Через десять лет эта деревушка становится местом драматических событий в жизни великого русского писателя. Из Саксона Достоевский посылает каждый день письма своей жене. 5 октября, сразу по приезде, он сообщает: «Со мной случилось с первого шага скверное и комическое приключение. Вообрази, милый друг, что как ни глядел я, во все глаза, а проехал Bains Saxon мимо три станции, а образумился в городке Sion, где и вышел, доплатив еще им, разбойникам, 1 ф. 45 сант., каково! Не имею понятия, как это устроилось. Я каждую станцию смотрел».
Дорога из Женевы в Саксон заставляет Достоевского сменить гнев на милость, и, пожалуй, впервые в его швейцарских описаниях звучат нотки восторга: «Виды – восхищение! Истинно сказать, Женева стоит из всей Швейцарии на самом пакостном месте. Веве, Vernex, Montreux, Chillion и Вильнев – удивительны. И это в дождь и в град. Что же было бы при солнце!» Сам же курорт вызывает у писателя лишь ироническое замечание: «Saxon – деревнюшка жалкая. Но отелей много и на большую ногу».
В первый вечер Достоевский в выигрыше, но следующий день становится роковым. Проспав утренний поезд в Женеву, он снова играет и проигрывается до такой степени, что закладывает обручальное кольцо. «Аня, – пишет Достоевский в отчаянии оставленной дома беременной жене, – судьба нас преследует».

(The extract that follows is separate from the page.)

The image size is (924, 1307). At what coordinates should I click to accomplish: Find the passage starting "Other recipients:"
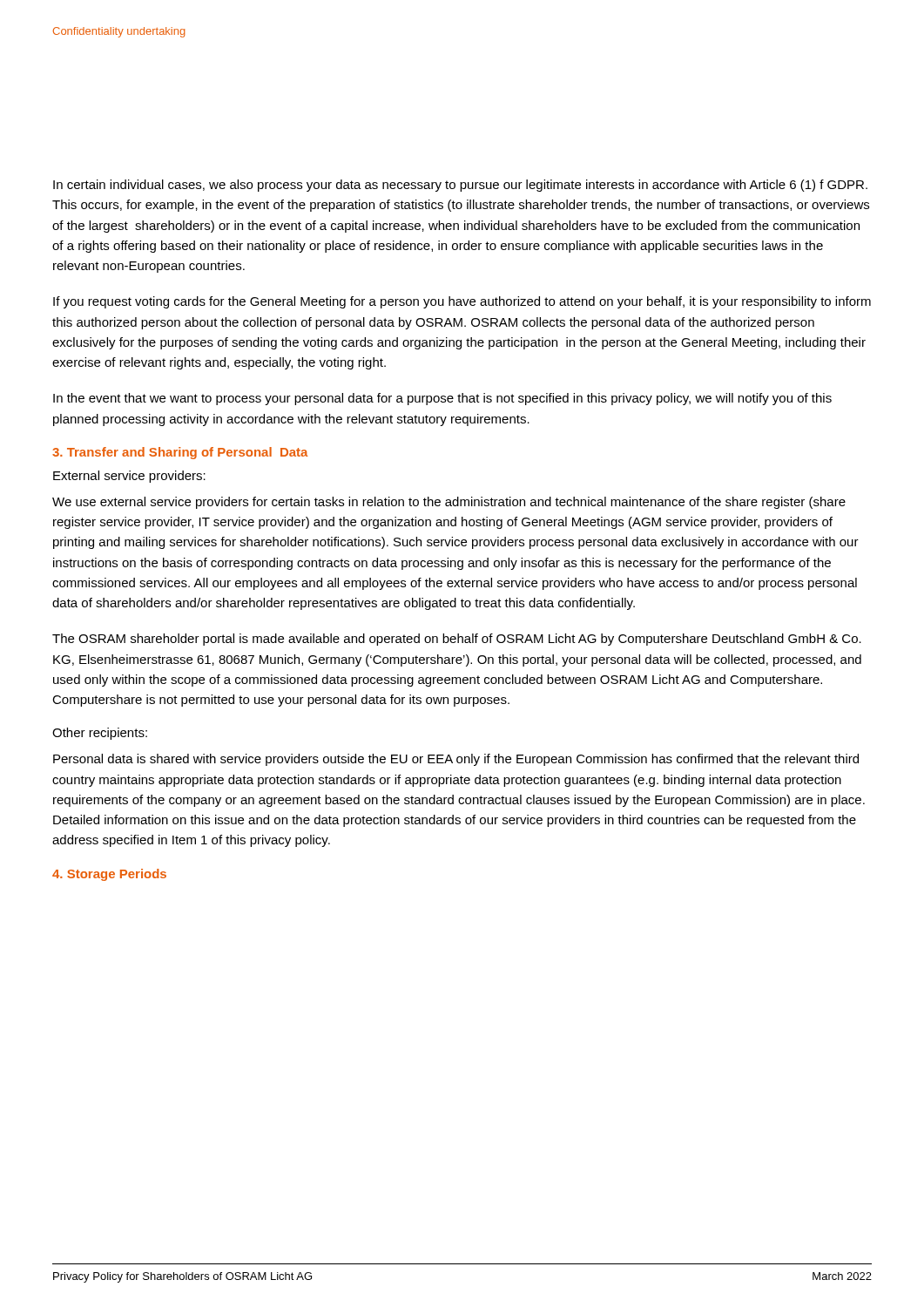coord(100,733)
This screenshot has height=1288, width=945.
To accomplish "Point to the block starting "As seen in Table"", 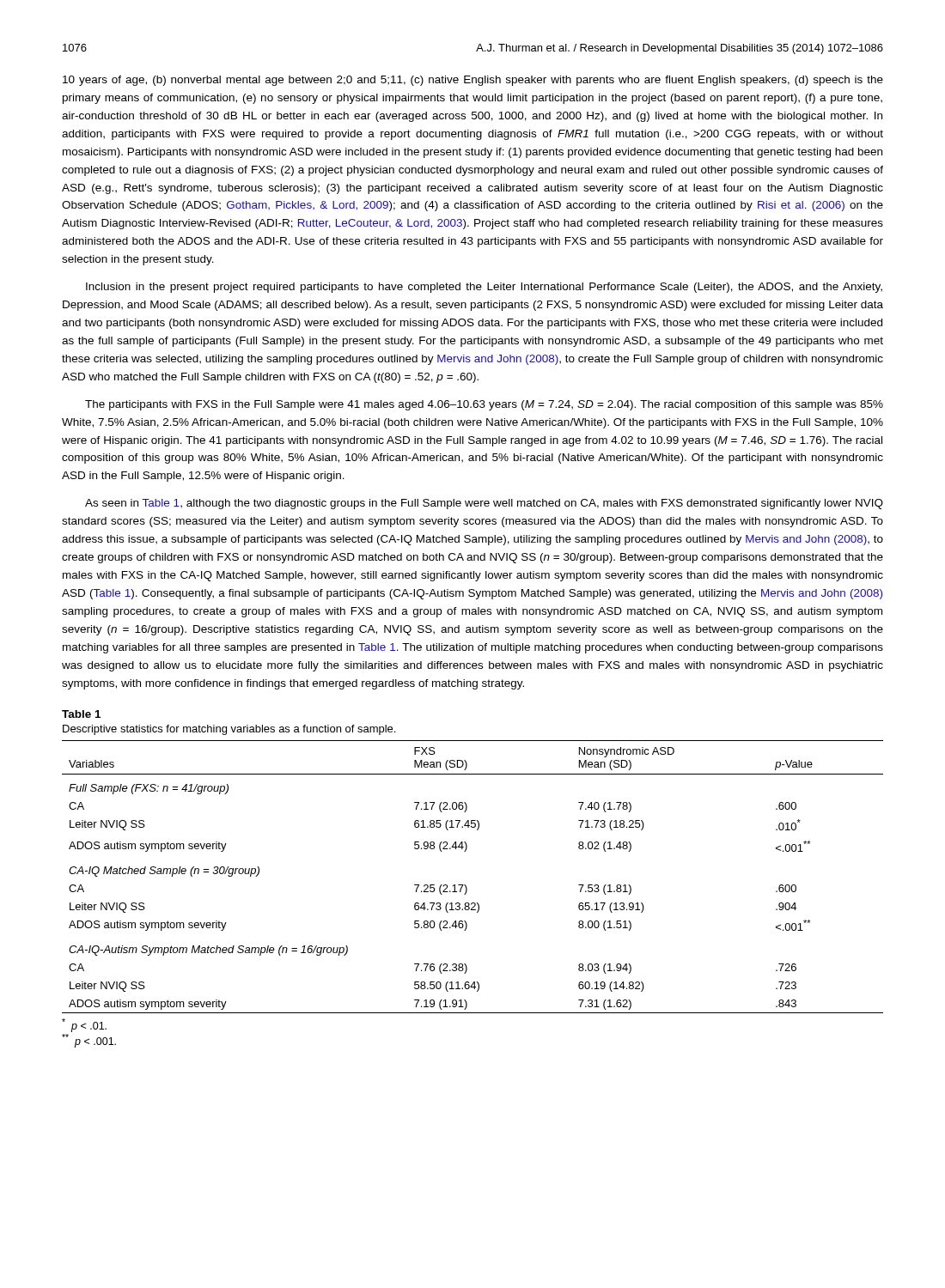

Через месяц, в ноябре 1867 года, Достоевский, получив часть аванса за «Идиота», снова устремляется в Саксон. Из письма Анне Григорьевне 16 ноября: «Ах голубчик, не надо меня и пускать к рулетке! Как только прикоснулся – сердце замирает, руки-ноги дрожат и холодеют. Приехал я сюда без четверти четыре и узнал, что рулетка до 5 часов. (Я думал, что до четырех.) Стало быть, час оставался. Я побежал. С первых ставок спустил 50 франков, потом вдруг поднялся, не знаю насколько, не считал; за тем пошел страшный проигрыш; почти до последков. И вдруг на самые последние деньги отыграл все мои 125 франков и, кроме того, в выигрыше 110. Всего у меня теперь 235 фр. Аня, милая, я сильно было раздумывал послать тебе сто франков, но слишком ведь мало. Если б по крайней мере 200. Зато даю тебе честное и великое слово, что вечером, с 8 часов до 11-ти, буду играть жидом, благоразумнейшим образом, клянусь тебе. Если же хоть что-нибудь еще прибавлю к выигрышу, то завтра же непременно пошлю тебе…» В конце следует приписка: «Аня, милая, не надейся очень на выигрыш, не мечтай. Может быть, и проиграюсь, но, клянусь, буду, как жид, благоразумен».